I passed a lot of (15-20) the small Turkish military outposts which are strung along the border. They all seemed to be relaxed with only a few armed soldiers standing at their entrances doing their guard duty. I did not see any military or police patrols along the border, and in total saw only two light tanks and one rocket launcher.
I had seen coverage in the English media which seemed to be trying to give the impression that the border crossing and camp just south of Kilis were constantly busy with large numbers of Syrians crossing into Turkey, and with many wounded Syrians being transported across the border to the hospitals in Kilis.

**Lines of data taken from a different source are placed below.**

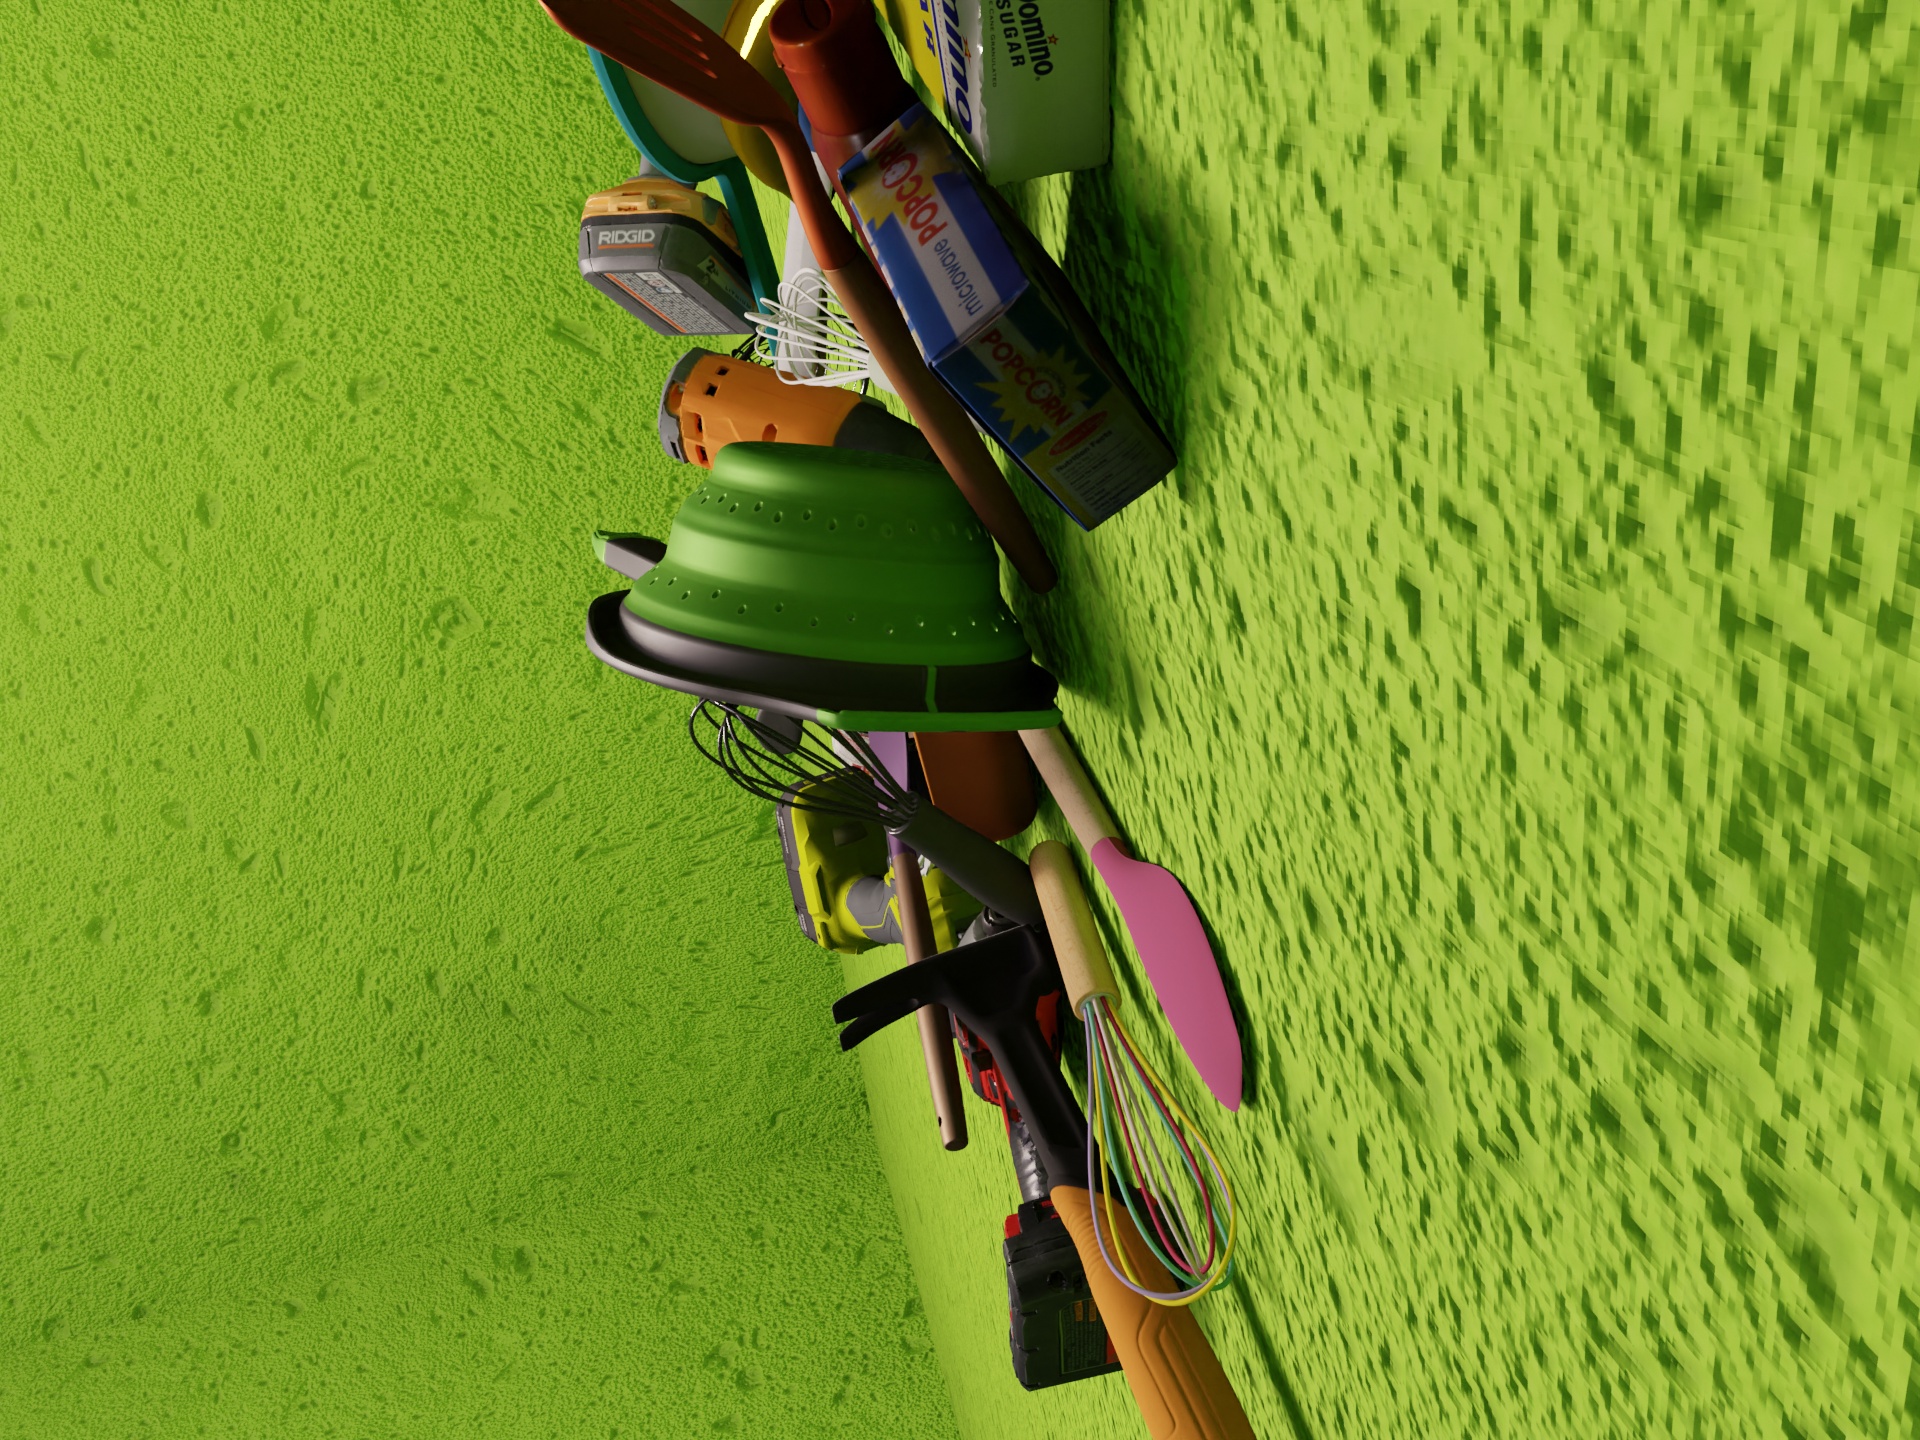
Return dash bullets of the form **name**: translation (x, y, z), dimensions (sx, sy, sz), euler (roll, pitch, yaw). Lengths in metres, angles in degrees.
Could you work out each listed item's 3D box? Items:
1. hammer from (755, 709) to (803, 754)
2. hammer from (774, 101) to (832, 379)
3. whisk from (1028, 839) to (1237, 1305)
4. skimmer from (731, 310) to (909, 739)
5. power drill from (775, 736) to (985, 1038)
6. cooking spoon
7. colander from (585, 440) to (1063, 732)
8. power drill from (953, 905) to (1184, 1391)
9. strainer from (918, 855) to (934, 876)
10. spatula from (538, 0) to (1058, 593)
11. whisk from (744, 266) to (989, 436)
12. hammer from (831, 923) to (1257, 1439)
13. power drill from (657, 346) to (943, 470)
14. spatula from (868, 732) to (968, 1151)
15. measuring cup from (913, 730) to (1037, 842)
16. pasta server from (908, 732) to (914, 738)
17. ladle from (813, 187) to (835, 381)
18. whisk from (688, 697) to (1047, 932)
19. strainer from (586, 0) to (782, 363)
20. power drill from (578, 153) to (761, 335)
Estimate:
- **hammer**: translation (-0.110, -0.054, 1.185), dimensions (0.335, 0.035, 0.146), euler (-82, -1, -72)
- **hammer**: translation (-0.064, -0.269, 0.766), dimensions (0.405, 0.144, 0.035), euler (107, -172, -57)
- **whisk**: translation (0.067, 0.135, 0.668), dimensions (0.245, 0.051, 0.047), euler (-106, 34, -51)
- **skimmer**: translation (-0.065, -0.092, 1.073), dimensions (0.090, 0.127, 0.363), euler (4, 119, 56)
- **power drill**: translation (-0.048, 0.098, 1.086), dimensions (0.229, 0.080, 0.190), euler (10, 114, 63)
- **cooking spoon**: translation (0.053, 0.041, 0.668), dimensions (0.319, 0.017, 0.068), euler (-116, 17, -55)
- **colander**: translation (-0.095, -0.088, 0.749), dimensions (0.397, 0.204, 0.094), euler (26, 112, 55)
- **power drill**: translation (0.041, 0.200, 0.795), dimensions (0.220, 0.078, 0.143), euler (-107, 9, -46)
- **strainer**: translation (-0.001, -0.003, 0.890), dimensions (0.087, 0.050, 0.258), euler (-83, -4, -52)
- **spatula**: translation (-0.039, -0.138, 0.548), dimensions (0.322, 0.041, 0.081), euler (52, -168, -48)
- **whisk**: translation (-0.034, -0.164, 0.724), dimensions (0.247, 0.059, 0.057), euler (37, 117, 53)
- **hammer**: translation (0.055, 0.214, 0.638), dimensions (0.337, 0.127, 0.034), euler (-121, 18, -48)
- **power drill**: translation (-0.070, -0.106, 0.900), dimensions (0.226, 0.164, 0.084), euler (84, -152, -63)
- **spatula**: translation (-0.027, 0.098, 0.901), dimensions (0.316, 0.018, 0.059), euler (-102, 27, -42)
- **measuring cup**: translation (0.013, 0.039, 0.837), dimensions (0.173, 0.052, 0.095), euler (71, -177, -61)
- **pasta server**: translation (-0.022, -0.002, 1.075), dimensions (0.060, 0.040, 0.316), euler (-122, 17, -65)
- **ladle**: translation (-0.098, -0.274, 1.061), dimensions (0.315, 0.031, 0.069), euler (99, -176, -53)
- **whisk**: translation (-0.028, 0.045, 0.728), dimensions (0.238, 0.055, 0.055), euler (36, -161, -35)
- **strainer**: translation (-0.100, -0.340, 0.849), dimensions (0.211, 0.095, 0.340), euler (-74, -23, -45)
- **power drill**: translation (-0.152, -0.353, 0.974), dimensions (0.185, 0.084, 0.226), euler (22, -107, -70)
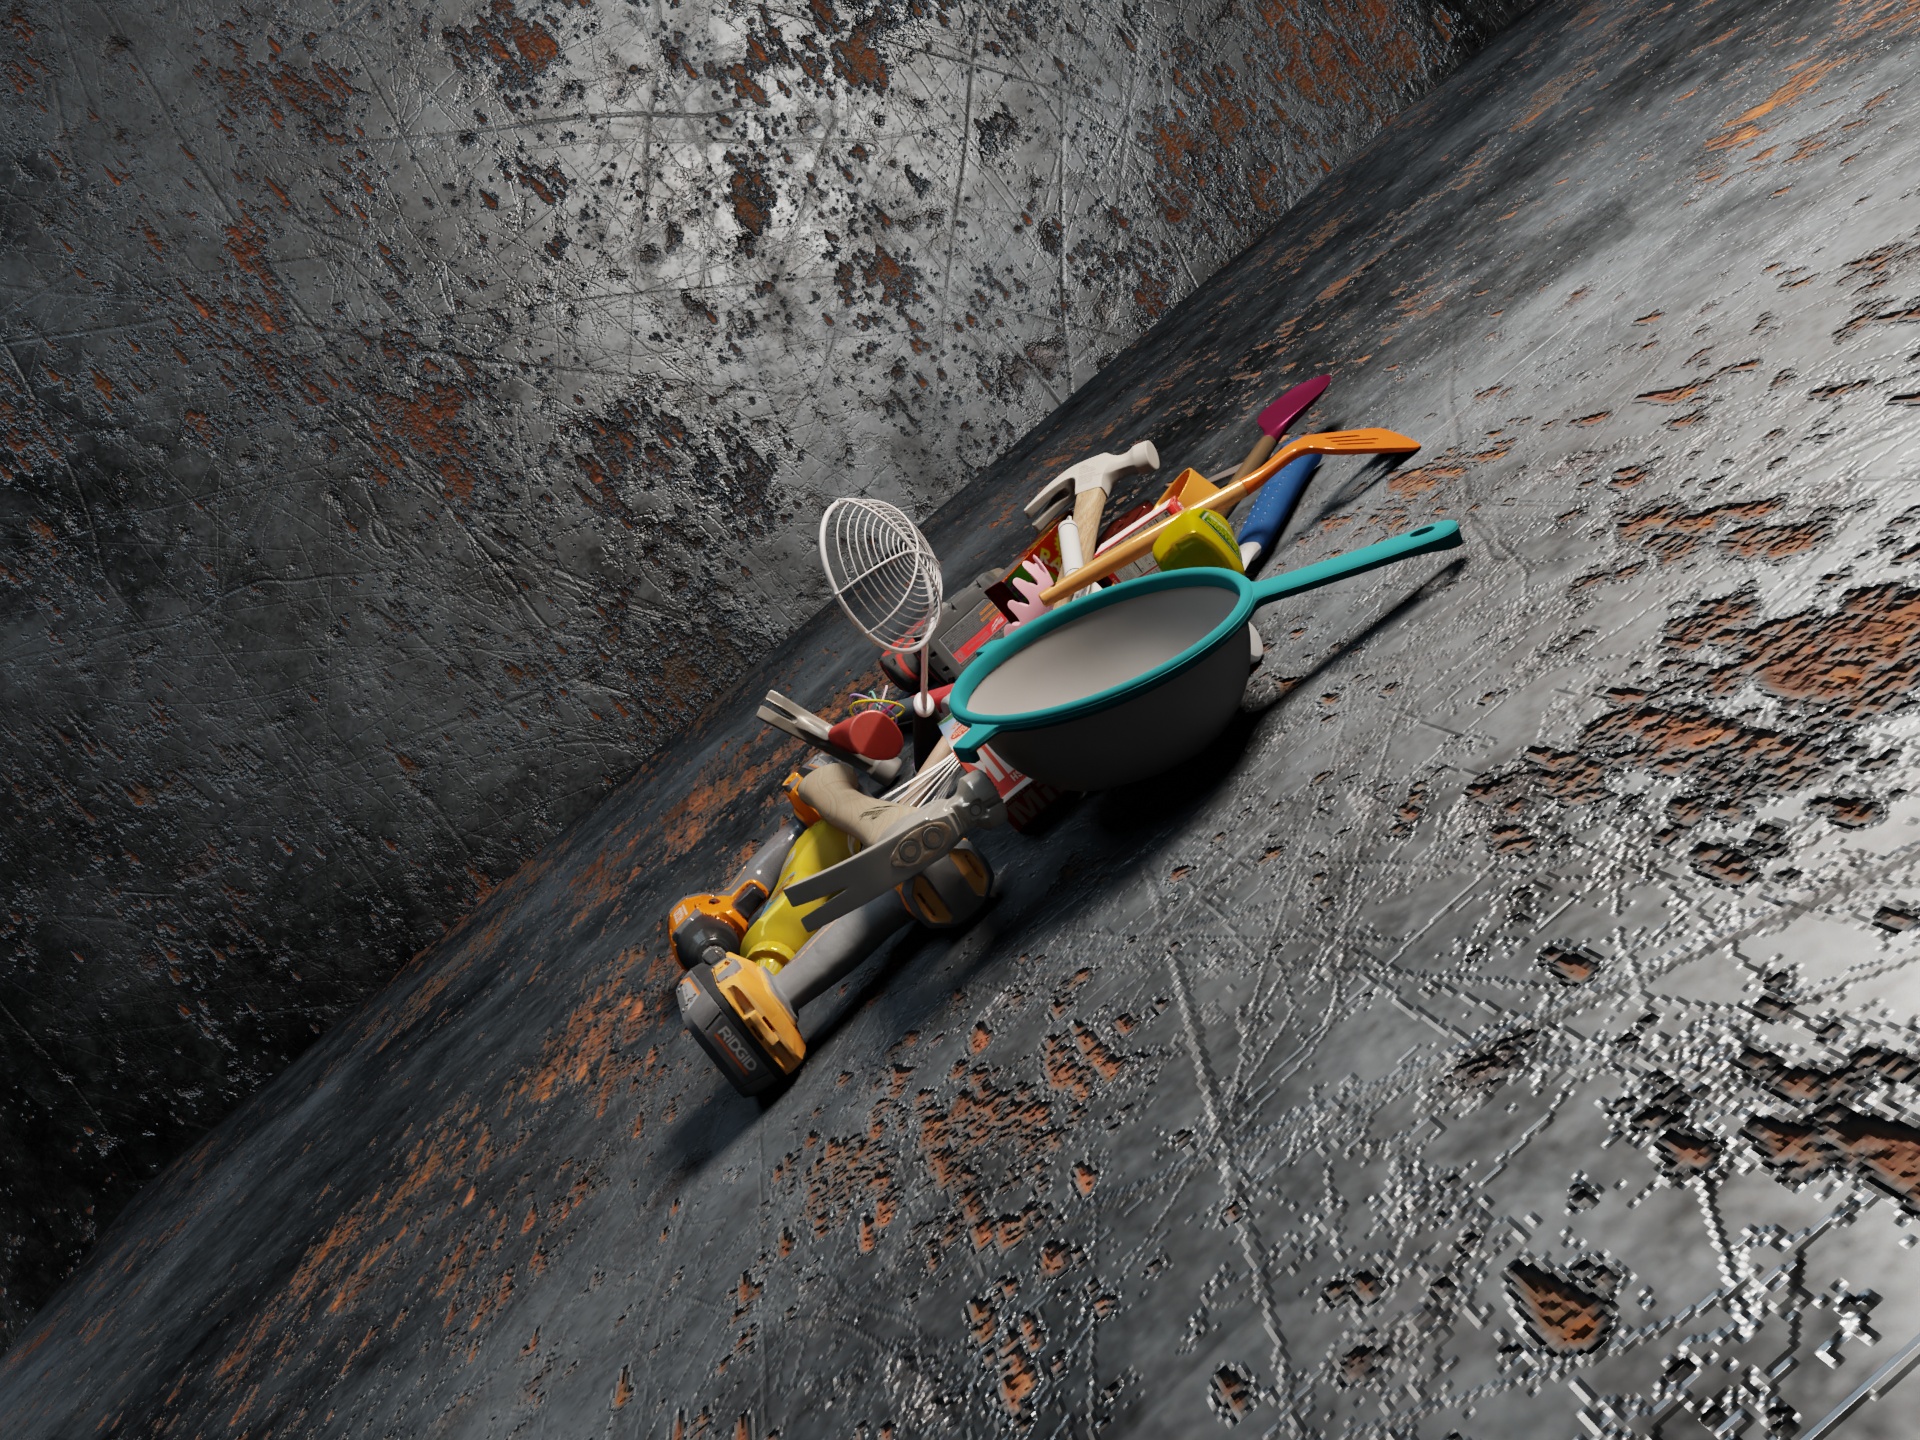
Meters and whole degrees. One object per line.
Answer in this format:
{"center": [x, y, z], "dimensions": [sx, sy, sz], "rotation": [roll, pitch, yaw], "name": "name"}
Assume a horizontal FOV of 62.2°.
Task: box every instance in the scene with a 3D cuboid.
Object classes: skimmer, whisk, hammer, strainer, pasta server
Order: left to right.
{"center": [-0.105, 0.011, 1.400], "dimensions": [0.037, 0.149, 0.359], "rotation": [-62, 6, -6], "name": "hammer"}
{"center": [-0.084, 0.073, 1.170], "dimensions": [0.146, 0.038, 0.411], "rotation": [-30, 9, -11], "name": "hammer"}
{"center": [-0.091, 0.010, 1.641], "dimensions": [0.047, 0.051, 0.245], "rotation": [-24, -8, -12], "name": "whisk"}
{"center": [-0.060, -0.044, 1.315], "dimensions": [0.363, 0.090, 0.127], "rotation": [91, 176, -60], "name": "skimmer"}
{"center": [-0.012, -0.027, 1.620], "dimensions": [0.143, 0.038, 0.386], "rotation": [-35, 8, -19], "name": "hammer"}
{"center": [-0.004, 0.034, 1.312], "dimensions": [0.246, 0.057, 0.059], "rotation": [-47, 9, -17], "name": "whisk"}
{"center": [-0.002, -0.004, 1.373], "dimensions": [0.316, 0.040, 0.060], "rotation": [-57, -13, -12], "name": "pasta server"}
{"center": [0.105, -0.137, 1.475], "dimensions": [0.130, 0.031, 0.332], "rotation": [-15, 39, 28], "name": "hammer"}
{"center": [0.104, -0.120, 1.390], "dimensions": [0.259, 0.050, 0.086], "rotation": [-91, 18, -57], "name": "strainer"}
{"center": [0.165, -0.034, 1.032], "dimensions": [0.340, 0.095, 0.211], "rotation": [-19, 19, 13], "name": "strainer"}
{"center": [0.222, -0.128, 1.279], "dimensions": [0.144, 0.035, 0.406], "rotation": [-31, 15, 39], "name": "hammer"}

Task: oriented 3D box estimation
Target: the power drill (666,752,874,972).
{"center": [-0.170, 0.138, 1.428], "dimensions": [0.226, 0.084, 0.164], "rotation": [-46, 13, -6], "name": "power drill"}

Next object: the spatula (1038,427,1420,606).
{"center": [0.210, -0.167, 1.278], "dimensions": [0.322, 0.041, 0.081], "rotation": [-29, 23, 1], "name": "spatula"}

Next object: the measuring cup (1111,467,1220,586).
{"center": [0.182, -0.144, 1.453], "dimensions": [0.173, 0.052, 0.095], "rotation": [-58, 7, 12], "name": "measuring cup"}

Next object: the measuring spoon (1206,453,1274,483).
{"center": [0.270, -0.243, 1.617], "dimensions": [0.124, 0.018, 0.034], "rotation": [-20, 22, 42], "name": "measuring spoon"}

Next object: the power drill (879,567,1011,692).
{"center": [0.006, -0.110, 1.798], "dimensions": [0.188, 0.080, 0.227], "rotation": [-42, 9, -10], "name": "power drill"}

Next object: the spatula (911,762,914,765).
{"center": [0.032, 0.010, 1.408], "dimensions": [0.060, 0.018, 0.316], "rotation": [-41, 10, -22], "name": "spatula"}

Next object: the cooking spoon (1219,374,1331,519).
{"center": [0.264, -0.233, 1.402], "dimensions": [0.069, 0.017, 0.319], "rotation": [-16, 24, 40], "name": "cooking spoon"}

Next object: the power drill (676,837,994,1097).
{"center": [-0.090, 0.152, 1.131], "dimensions": [0.226, 0.084, 0.185], "rotation": [-38, 11, -8], "name": "power drill"}

I was doubtful about this because the last time I was there not much was happening and my friends in Kilis tell me that it is generally very quiet there.
While I was there nothing was happening. I talked to the Turkish police and civilians there and they also told me that not much was happening. They said that they just had to stay there under the baking sun guarding the entrance to the camp and manning the border crossing, that every once in a while someone comes across the border, and that occasionally a wounded Syrian was brought across the border.
I got the impression, and it was only an impression, that the Turkish government has spread the word that they really don’t want a lot of Syrians coming across the border now since nothing which puts them in immediate danger is happening in the area just south of the border.
The Turkish Government and Turkish Red Crescent Society recently began a program of handing emergency food supplies over the border to Syrians - without anyone actually physically crossing the border - in southern Hatay, south of Kilis, and in the area west of the Euphrates.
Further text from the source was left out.